■ Directions for this task: Your task is to count the lines of the entries below that include the word "override" and to give only the resulting number.
##### Data records #####
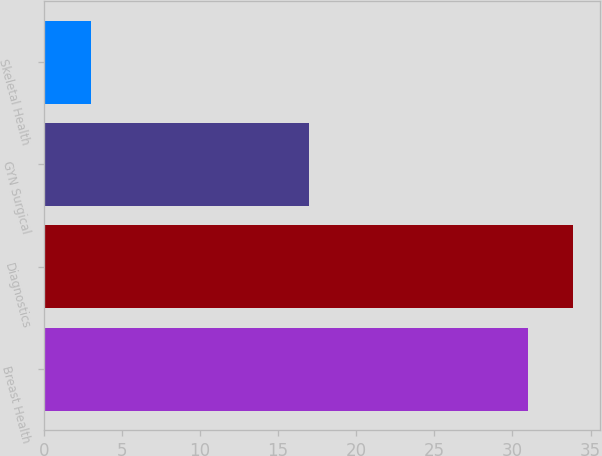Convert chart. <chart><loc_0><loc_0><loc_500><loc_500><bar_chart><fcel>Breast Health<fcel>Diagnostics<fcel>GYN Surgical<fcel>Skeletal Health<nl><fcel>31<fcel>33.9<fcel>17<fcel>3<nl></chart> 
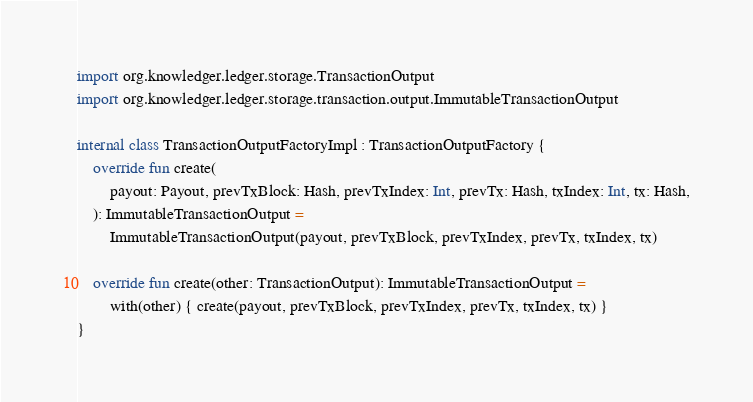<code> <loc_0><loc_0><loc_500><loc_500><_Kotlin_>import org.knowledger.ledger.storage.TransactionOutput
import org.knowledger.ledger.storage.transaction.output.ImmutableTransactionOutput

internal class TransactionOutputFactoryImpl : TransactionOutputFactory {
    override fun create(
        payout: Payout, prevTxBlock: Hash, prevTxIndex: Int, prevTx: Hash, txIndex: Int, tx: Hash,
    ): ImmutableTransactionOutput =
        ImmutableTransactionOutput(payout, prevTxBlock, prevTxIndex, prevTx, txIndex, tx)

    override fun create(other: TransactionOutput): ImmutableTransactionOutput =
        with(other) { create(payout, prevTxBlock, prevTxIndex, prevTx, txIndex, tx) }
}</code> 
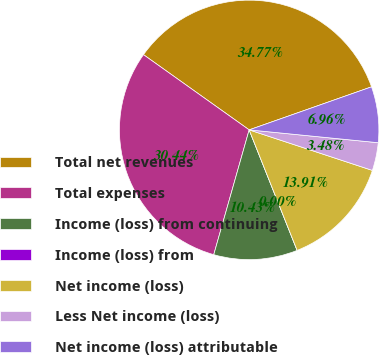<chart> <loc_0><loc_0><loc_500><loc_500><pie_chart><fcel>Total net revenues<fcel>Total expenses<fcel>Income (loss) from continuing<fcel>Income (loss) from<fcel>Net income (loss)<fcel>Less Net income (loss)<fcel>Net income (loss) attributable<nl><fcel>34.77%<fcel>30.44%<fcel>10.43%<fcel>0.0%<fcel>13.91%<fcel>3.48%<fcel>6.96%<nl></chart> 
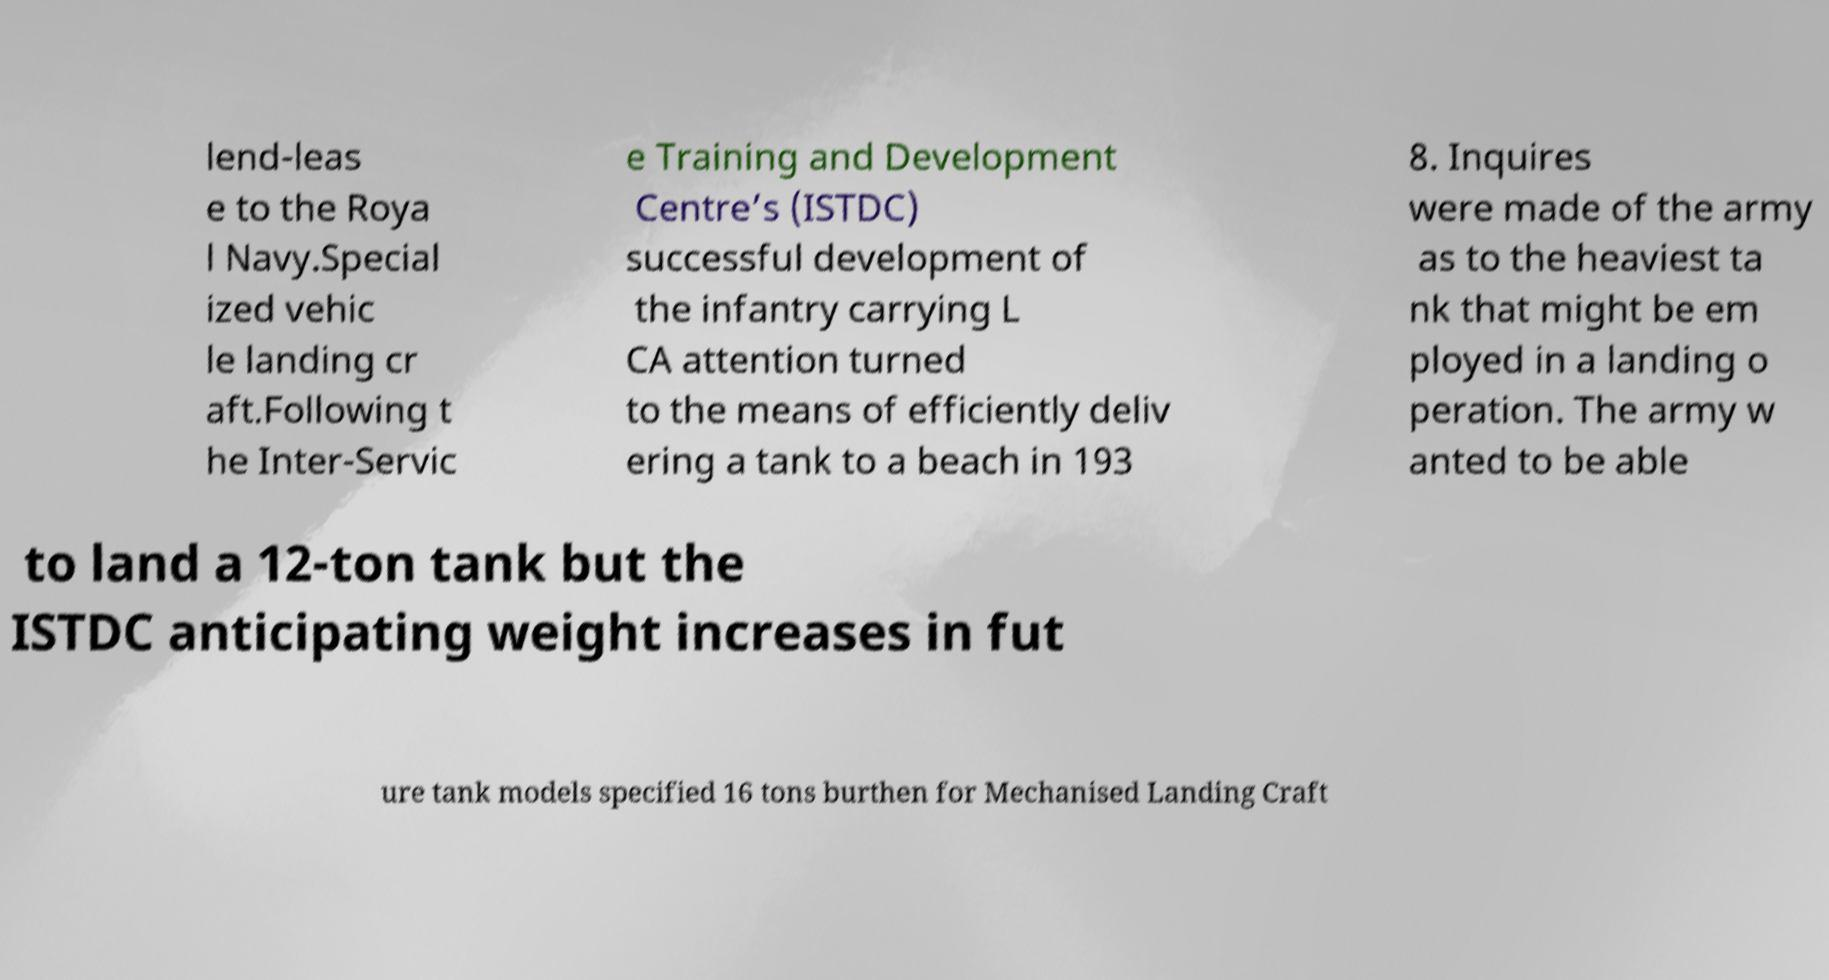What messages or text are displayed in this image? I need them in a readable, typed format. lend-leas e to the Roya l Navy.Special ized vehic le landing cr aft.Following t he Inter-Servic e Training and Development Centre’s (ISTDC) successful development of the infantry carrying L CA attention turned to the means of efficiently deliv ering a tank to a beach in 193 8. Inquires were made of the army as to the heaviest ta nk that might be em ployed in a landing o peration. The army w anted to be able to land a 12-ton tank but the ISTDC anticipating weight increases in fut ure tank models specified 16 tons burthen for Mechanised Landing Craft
#####
■ Completed exercise: 2